His gaze flicked to mine, pinning me into my chair with a stare that sparked with unspoken dangers, and then he rose and walked around the desk. He stood over me, radiating coldness. He reached out and put one finger under my chin, lifting it so my face was tipped toward his.

When he spoke again, his voice was a dangerous purr.

“I can make you tell me anything,” he said. “I have broken seasoned men and women, agents trained to resist torture. I can break you too. So, tell me the truth, Meredith Rider.”

A shiver ran down my spine.

“It’s nothing,” I said again. “Just a necklace. A gift from an old friend.”

“Was this old friend a member of the Order of the Crimson?”

“No,” I said sharply.

His brow curved as if he didn’t believe me. His expression intensified, making him look even more terrifyingly beautiful. “Who is this friend? What is his name?”

Heat rose in me. I didn’t want to sully my best friend’s memory before this monster. Kassian had been killed by werewolves. How dare the Silver Wolf drag him into this interrogation?

But Vixor Rae was waiting for my response. His finger was still beneath my chin, and I could feel the heat of his hand through the glove.

I would not speak my beloved Kassian’s name to this monster.

“I don’t remember,” I said. “It was from a long time ago. I was only a child.” And then, I felt as if I’d betrayed something precious.

Vixor released me and returned to his chair. His expression did not change. His face looked as if it were carved from stone as he sat again and waited coldly for me to say more.

I resisted the urge to rub the place where he had touched me. I felt vulnerable, exposed.

“Go on,” Vixor said. “What happened to this friend whose name you cannot remember?”
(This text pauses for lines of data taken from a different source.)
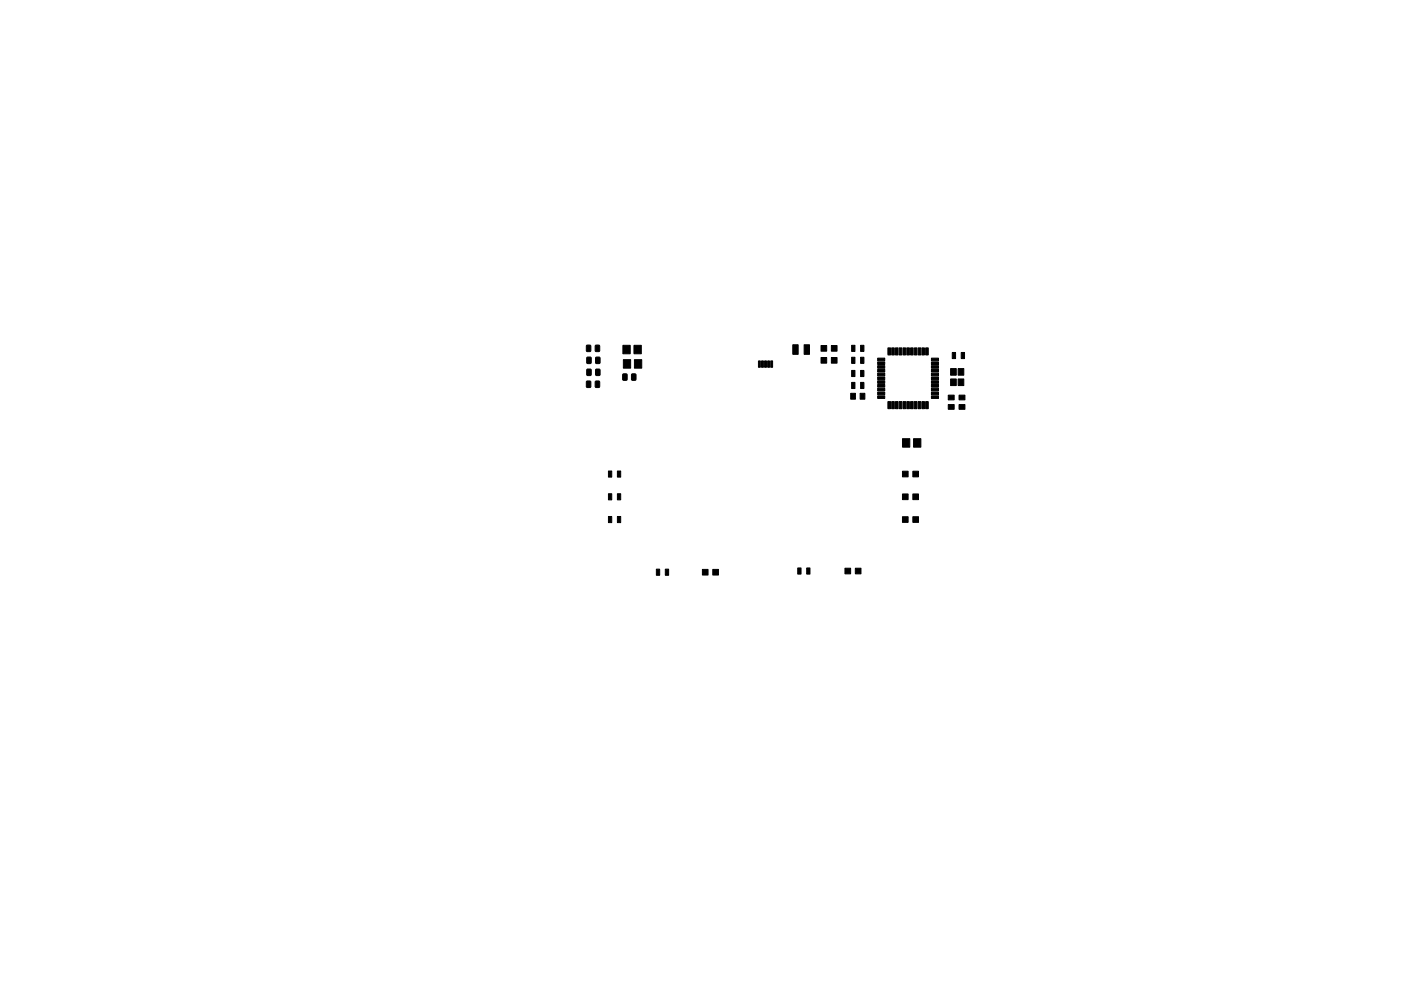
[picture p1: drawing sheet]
<svg xmlns="http://www.w3.org/2000/svg" width="297mm" height="210mm" viewBox="0 0 297 210" stroke-linecap="round" stroke-linejoin="round" font-family="sans-serif">
<g fill="#000" stroke="#000" stroke-width=".21">
<path d="M124.4 73.3h.8v1.3l-.9-.1zM124.5 75.8l.8 .1v1.2l-.9-.1zM124.5 78.4h.8v1.2h-.9zM126.3 73.3h.8l-.1 1.3-.8-.1zM126.3 75.8l.9 .1-.1 1.2-.8-.1zM126.3 78.4h.9l-.1 1.2h-.8zM132.1 79.4h.8v1.3l-.9-.1zM132.1 73.3h1.5v1.8h-1.5zM132.2 76.3h1.5v1.8h-1.5zM133.9 79.4h.9l-.1 1.3-.8-.1zM134.4 73.3h1.6v1.8h-1.6zM134.5 76.3h1.6v1.8h-1.6z"/>
<path d="M160.8 76.6h.4v1.3h-.4zM161.5 76.6h.4v1.3h-.4zM162.1 76.6h.4v1.3h-.4zM162.8 76.6h.4v1.3h-.4zM163.4 76.6h.4v1.3h-.4zM168.1 73.1h1.1v2.1h-1.1zM170.5 73.1h1.1v2.1h-1.1zM174.1 73.3h1.2v1.2h-1.2zM174.1 75.8h1.2v1.2h-1.2zM176.3 73.3h1.2v1.2h-1.2zM176.3 75.8h1.2v1.2h-1.2zM180.6 78.6h.7v1.3h-.7z"/>
<path d="M180.6 73.3h.7v1.3h-.7zM180.6 75.8h.7v1.3h-.7zM182.5 78.6h.7v1.3h-.7zM182.5 73.3h.7v1.3h-.7zM182.5 75.8h.7v1.3h-.7zM186.1 79.2h1.5v.5h-1.5zM186.1 78.4h1.5v.5h-1.5zM186.1 77.6h1.5v.5h-1.5zM186.1 76.8h1.5v.5h-1.5zM186.1 76h1.5v.5h-1.5zM188.3 73.8h.5v1.5h-.5zM189.1 73.8h.5v1.5h-.5z"/>
<path d="M189.9 73.8h.5v1.5h-.5zM190.7 73.8h.5v1.5h-.5zM191.5 73.8h.5v1.5h-.5zM192.3 73.8h.5v1.5h-.5zM193.1 73.8h.5v1.5h-.5zM193.9 73.8h.5v1.5h-.5zM194.7 73.8h.5v1.5h-.5zM195.5 73.8h.5v1.5h-.5zM196.3 73.8h.5v1.5h-.5zM197.5 76h1.5v.5h-1.5zM197.5 76.8h1.5v.5h-1.5zM197.5 77.6h1.5v.5h-1.5z"/>
<path d="M197.5 78.4h1.5v.5h-1.5zM197.5 79.2h1.5v.5h-1.5zM201.9 74.8h.7v1.3h-.7zM201.5 78.2h1.2v1.4h-1.2zM203.8 74.8h.7v1.3h-.7zM203.1 78.2h1.2v1.4h-1.2zM124.4 80.9h.8v1.3l-.9-.1zM126.3 80.9h.8l-.1 1.3-.8-.1zM129 99.9h.7v1.3h-.7zM130.9 99.9h.7v1.3h-.7zM180.6 81.1h.7v1.3h-.7zM180.4 83.4h1v1.3h-1z"/>
<path d="M182.5 81.1h.7v1.3h-.7zM182.4 83.4h1v1.3h-1zM186.1 84h1.5v.5h-1.5zM186.1 83.2h1.5v.5h-1.5zM186.1 82.4h1.5v.5h-1.5zM186.1 81.6h1.5v.5h-1.5zM186.1 80.8h1.5v.5h-1.5zM186.1 80h1.5v.5h-1.5zM188.3 85.2h.5v1.5h-.5zM189.1 85.2h.5v1.5h-.5zM189.9 85.2h.5v1.5h-.5zM190.7 85.2h.5v1.5h-.5z"/>
<path d="M191.3 93.1h1.6v1.8h-1.6zM191.5 85.2h.5v1.5h-.5zM192.3 85.2h.5v1.5h-.5zM191.3 100h1.2v1.2h-1.2zM193.1 85.2h.5v1.5h-.5zM193.7 93.1h1.5v1.8h-1.5zM193.9 85.2h.5v1.5h-.5zM194.7 85.2h.5v1.5h-.5zM193.5 100h1.2v1.2h-1.2zM195.5 85.2h.5v1.5h-.5zM196.3 85.2h.5v1.5h-.5zM197.5 80h1.5v.5h-1.5z"/>
<path d="M197.5 80.8h1.5v.5h-1.5zM197.5 81.6h1.5v.5h-1.5zM197.5 82.4h1.5v.5h-1.5zM197.5 83.2h1.5v.5h-1.5zM197.5 84h1.5v.5h-1.5zM201.1 83.8h1.2v1h-1.2zM201.1 85.8h1.2v1h-1.2zM201.5 80.4h1.2v1.4h-1.2zM203.3 83.8h1.3v1h-1.3zM203.3 85.8h1.3v1h-1.3zM203.1 80.4h1.2v1.4h-1.2zM129 104.8h.7v1.3h-.7z"/>
<path d="M129 109.6h.7v1.3h-.7zM130.9 104.8h.7v1.3h-.7zM130.9 109.6h.7v1.3h-.7zM191.3 104.8h1.2v1.2h-1.2zM191.3 109.6h1.2v1.2h-1.2zM193.5 104.8h1.2v1.2h-1.2zM193.5 109.6h1.2v1.2h-1.2zM139.2 120.8h.7v1.3h-.7zM141.1 120.8h.7v1.3h-.7zM148.9 120.8h1.2v1.2h-1.2zM151.1 120.8h1.2v1.2h-1.2zM169.1 120.5h.7v1.3h-.7z"/>
<path d="M171 120.5h.7v1.3h-.7zM179.1 120.6h1.2v1.2h-1.2zM181.3 120.6h1.2v1.2h-1.2z"/>
</g>
</svg>

“He is dead,” I said. “He died nine years ago.” Tears prickled my eyes. I was so tired. Thinking of Kassian made me feel even more alone. If he were alive, he would have come for me. He wouldn’t have stood there and let me be beaten the way Neil had. The way they all had. Even my grandmother. Kassian would have fought for me. Kassian would have found a way to stop them.

But he was gone.

Sadness pooled in my chest.

“Shouldn’t necklaces be worn on the neck?” Vixor asked. He was still suspicious, I could see.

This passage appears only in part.